DATA SUPPLIED START
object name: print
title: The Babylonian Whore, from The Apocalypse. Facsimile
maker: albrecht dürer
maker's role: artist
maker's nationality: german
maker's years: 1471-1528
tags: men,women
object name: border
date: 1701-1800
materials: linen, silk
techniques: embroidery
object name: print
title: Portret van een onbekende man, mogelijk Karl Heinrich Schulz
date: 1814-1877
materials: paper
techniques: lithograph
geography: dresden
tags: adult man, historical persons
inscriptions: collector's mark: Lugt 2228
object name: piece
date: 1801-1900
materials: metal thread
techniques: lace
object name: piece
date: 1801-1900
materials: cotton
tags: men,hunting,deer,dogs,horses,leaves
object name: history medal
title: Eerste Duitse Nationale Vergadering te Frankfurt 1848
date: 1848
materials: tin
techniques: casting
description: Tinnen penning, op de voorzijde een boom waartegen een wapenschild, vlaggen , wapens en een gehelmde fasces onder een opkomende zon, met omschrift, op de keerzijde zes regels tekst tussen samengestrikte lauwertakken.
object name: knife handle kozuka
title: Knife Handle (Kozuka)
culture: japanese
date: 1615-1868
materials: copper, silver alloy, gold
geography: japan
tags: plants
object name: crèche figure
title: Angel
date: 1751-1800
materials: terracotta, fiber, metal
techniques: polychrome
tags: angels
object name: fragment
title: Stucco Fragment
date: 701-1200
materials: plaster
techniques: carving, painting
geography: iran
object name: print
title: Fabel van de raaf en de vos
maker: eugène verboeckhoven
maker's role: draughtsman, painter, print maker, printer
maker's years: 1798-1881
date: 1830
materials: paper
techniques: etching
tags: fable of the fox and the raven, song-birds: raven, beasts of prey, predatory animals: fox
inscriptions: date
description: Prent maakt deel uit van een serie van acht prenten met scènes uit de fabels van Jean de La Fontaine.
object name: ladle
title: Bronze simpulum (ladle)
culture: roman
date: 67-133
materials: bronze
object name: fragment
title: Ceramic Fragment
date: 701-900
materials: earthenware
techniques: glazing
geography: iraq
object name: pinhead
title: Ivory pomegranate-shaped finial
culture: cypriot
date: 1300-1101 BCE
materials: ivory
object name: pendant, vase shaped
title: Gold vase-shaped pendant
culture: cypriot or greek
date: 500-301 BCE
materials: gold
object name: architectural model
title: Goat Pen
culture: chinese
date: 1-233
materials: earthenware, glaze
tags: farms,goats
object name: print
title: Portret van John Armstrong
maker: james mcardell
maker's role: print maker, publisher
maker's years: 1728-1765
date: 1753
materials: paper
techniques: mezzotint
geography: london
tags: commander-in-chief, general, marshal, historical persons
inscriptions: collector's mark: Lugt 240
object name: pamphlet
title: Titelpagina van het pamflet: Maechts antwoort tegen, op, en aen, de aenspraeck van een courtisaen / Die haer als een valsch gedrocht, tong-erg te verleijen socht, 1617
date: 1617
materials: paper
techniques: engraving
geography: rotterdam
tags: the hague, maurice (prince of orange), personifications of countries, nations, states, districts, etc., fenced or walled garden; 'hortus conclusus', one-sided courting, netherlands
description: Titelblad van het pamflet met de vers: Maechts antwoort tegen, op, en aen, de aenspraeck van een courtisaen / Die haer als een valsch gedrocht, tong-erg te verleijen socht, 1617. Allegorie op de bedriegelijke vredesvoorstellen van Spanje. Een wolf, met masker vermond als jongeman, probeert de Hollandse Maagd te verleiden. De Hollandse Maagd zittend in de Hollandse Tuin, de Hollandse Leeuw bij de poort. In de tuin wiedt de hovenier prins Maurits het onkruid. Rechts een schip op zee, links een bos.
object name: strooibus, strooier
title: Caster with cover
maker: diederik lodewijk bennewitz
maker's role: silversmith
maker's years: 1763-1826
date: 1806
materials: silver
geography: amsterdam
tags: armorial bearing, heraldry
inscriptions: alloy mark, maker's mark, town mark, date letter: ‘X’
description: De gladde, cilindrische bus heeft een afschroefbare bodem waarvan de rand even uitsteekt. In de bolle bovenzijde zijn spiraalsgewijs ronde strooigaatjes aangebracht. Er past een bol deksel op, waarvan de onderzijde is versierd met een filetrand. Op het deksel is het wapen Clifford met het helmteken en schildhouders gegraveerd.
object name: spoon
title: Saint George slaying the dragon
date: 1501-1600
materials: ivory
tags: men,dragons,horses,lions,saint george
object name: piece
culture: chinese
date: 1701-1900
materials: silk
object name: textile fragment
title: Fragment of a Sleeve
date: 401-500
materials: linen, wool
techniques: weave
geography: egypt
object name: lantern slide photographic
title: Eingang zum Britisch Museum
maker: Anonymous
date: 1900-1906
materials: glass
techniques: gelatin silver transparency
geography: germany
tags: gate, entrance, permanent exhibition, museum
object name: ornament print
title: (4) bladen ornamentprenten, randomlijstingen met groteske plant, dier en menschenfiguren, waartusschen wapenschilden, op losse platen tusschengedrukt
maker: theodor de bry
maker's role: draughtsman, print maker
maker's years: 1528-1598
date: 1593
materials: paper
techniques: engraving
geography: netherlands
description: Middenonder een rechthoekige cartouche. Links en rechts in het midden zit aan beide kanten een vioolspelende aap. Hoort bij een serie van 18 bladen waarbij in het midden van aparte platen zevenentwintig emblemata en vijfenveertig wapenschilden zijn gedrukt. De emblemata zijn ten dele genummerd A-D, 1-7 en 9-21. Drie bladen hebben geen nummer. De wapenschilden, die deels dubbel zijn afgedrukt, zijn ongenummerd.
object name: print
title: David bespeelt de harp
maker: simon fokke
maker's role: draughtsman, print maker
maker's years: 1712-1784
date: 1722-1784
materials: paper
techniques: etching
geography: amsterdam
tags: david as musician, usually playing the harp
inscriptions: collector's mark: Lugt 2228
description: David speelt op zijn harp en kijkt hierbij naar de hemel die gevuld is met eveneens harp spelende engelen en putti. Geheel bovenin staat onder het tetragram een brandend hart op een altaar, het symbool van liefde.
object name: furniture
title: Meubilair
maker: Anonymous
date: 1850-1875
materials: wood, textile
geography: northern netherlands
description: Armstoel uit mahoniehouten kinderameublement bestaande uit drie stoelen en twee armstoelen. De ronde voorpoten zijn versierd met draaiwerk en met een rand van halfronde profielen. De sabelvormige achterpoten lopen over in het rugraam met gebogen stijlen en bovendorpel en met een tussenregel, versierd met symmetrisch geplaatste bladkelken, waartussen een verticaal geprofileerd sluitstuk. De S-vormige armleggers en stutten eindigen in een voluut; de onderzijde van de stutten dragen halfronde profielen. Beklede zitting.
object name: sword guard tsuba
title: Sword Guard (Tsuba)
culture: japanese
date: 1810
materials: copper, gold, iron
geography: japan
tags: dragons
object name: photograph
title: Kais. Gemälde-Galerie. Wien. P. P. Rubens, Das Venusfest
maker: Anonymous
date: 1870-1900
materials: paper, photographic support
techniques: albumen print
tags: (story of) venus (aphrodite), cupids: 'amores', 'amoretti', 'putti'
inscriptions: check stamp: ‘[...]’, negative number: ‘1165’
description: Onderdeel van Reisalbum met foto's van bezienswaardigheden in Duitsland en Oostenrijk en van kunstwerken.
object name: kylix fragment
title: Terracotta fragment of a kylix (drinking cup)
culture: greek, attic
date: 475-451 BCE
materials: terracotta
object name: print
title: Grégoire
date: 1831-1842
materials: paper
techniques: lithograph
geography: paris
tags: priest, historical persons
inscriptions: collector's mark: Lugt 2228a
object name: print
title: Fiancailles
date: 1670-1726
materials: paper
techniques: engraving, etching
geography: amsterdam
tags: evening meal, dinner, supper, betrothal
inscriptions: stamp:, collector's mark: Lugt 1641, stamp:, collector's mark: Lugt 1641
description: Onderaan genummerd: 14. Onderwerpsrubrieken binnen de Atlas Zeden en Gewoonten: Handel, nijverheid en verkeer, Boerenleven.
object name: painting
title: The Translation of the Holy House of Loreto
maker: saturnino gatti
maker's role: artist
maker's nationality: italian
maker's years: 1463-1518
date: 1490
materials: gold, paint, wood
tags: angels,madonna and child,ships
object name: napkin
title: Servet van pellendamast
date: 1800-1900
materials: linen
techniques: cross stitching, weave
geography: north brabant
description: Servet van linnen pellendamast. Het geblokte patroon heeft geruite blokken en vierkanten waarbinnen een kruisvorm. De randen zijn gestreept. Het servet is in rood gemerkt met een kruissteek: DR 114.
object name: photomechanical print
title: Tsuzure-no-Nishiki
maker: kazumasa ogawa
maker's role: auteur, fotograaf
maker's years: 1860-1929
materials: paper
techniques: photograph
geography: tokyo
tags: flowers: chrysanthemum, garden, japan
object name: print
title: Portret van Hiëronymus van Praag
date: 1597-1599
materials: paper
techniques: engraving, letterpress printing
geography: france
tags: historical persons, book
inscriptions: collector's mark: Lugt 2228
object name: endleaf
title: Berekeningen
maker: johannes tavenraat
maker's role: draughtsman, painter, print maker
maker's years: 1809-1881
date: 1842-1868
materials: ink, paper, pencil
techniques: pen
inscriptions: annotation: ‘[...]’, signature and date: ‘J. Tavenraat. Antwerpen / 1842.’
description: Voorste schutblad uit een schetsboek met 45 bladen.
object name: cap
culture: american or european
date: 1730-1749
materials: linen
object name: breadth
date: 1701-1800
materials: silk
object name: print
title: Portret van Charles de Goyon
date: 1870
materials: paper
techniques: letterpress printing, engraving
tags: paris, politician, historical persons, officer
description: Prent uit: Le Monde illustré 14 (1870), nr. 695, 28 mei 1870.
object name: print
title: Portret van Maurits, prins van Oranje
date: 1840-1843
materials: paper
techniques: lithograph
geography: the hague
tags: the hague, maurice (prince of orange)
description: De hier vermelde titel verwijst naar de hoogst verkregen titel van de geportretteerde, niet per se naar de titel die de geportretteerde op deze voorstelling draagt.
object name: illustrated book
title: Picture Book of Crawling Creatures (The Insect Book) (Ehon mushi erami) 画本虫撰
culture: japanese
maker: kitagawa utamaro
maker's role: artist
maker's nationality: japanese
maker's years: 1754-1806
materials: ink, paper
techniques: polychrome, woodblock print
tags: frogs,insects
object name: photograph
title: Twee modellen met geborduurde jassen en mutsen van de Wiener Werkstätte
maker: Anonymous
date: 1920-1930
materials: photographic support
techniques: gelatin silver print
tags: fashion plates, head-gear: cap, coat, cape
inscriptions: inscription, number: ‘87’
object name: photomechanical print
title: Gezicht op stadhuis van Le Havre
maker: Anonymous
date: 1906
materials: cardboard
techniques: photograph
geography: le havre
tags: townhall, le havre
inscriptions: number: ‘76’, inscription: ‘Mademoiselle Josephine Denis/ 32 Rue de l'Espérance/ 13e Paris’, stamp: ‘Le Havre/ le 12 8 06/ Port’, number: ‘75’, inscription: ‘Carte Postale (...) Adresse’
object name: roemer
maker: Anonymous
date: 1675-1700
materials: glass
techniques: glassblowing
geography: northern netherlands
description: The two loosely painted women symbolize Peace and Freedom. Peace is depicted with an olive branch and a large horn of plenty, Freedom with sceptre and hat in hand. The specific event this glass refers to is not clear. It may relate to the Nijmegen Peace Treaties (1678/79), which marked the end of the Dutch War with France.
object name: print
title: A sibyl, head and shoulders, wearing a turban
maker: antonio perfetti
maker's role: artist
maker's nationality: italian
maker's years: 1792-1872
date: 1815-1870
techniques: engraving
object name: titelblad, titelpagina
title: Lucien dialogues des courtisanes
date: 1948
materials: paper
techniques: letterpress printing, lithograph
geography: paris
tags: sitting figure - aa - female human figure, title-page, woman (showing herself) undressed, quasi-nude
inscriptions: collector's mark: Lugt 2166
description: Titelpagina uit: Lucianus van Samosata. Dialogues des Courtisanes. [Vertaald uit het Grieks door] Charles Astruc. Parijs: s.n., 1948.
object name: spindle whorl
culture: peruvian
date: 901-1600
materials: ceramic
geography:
DATA SUPPLIED END
• [REQUIRED WORK]: Please retype the top of the data exactly, down to and including the line that holds "inscriptions: date", and nothing further.

• [WRITTEN SOLUTION]:
object name: print
title: The Babylonian Whore, from The Apocalypse. Facsimile
maker: albrecht dürer
maker's role: artist
maker's nationality: german
maker's years: 1471-1528
tags: men,women
object name: border
date: 1701-1800
materials: linen, silk
techniques: embroidery
object name: print
title: Portret van een onbekende man, mogelijk Karl Heinrich Schulz
date: 1814-1877
materials: paper
techniques: lithograph
geography: dresden
tags: adult man, historical persons
inscriptions: collector's mark: Lugt 2228
object name: piece
date: 1801-1900
materials: metal thread
techniques: lace
object name: piece
date: 1801-1900
materials: cotton
tags: men,hunting,deer,dogs,horses,leaves
object name: history medal
title: Eerste Duitse Nationale Vergadering te Frankfurt 1848
date: 1848
materials: tin
techniques: casting
description: Tinnen penning, op de voorzijde een boom waartegen een wapenschild, vlaggen , wapens en een gehelmde fasces onder een opkomende zon, met omschrift, op de keerzijde zes regels tekst tussen samengestrikte lauwertakken.
object name: knife handle kozuka
title: Knife Handle (Kozuka)
culture: japanese
date: 1615-1868
materials: copper, silver alloy, gold
geography: japan
tags: plants
object name: crèche figure
title: Angel
date: 1751-1800
materials: terracotta, fiber, metal
techniques: polychrome
tags: angels
object name: fragment
title: Stucco Fragment
date: 701-1200
materials: plaster
techniques: carving, painting
geography: iran
object name: print
title: Fabel van de raaf en de vos
maker: eugène verboeckhoven
maker's role: draughtsman, painter, print maker, printer
maker's years: 1798-1881
date: 1830
materials: paper
techniques: etching
tags: fable of the fox and the raven, song-birds: raven, beasts of prey, predatory animals: fox
inscriptions: date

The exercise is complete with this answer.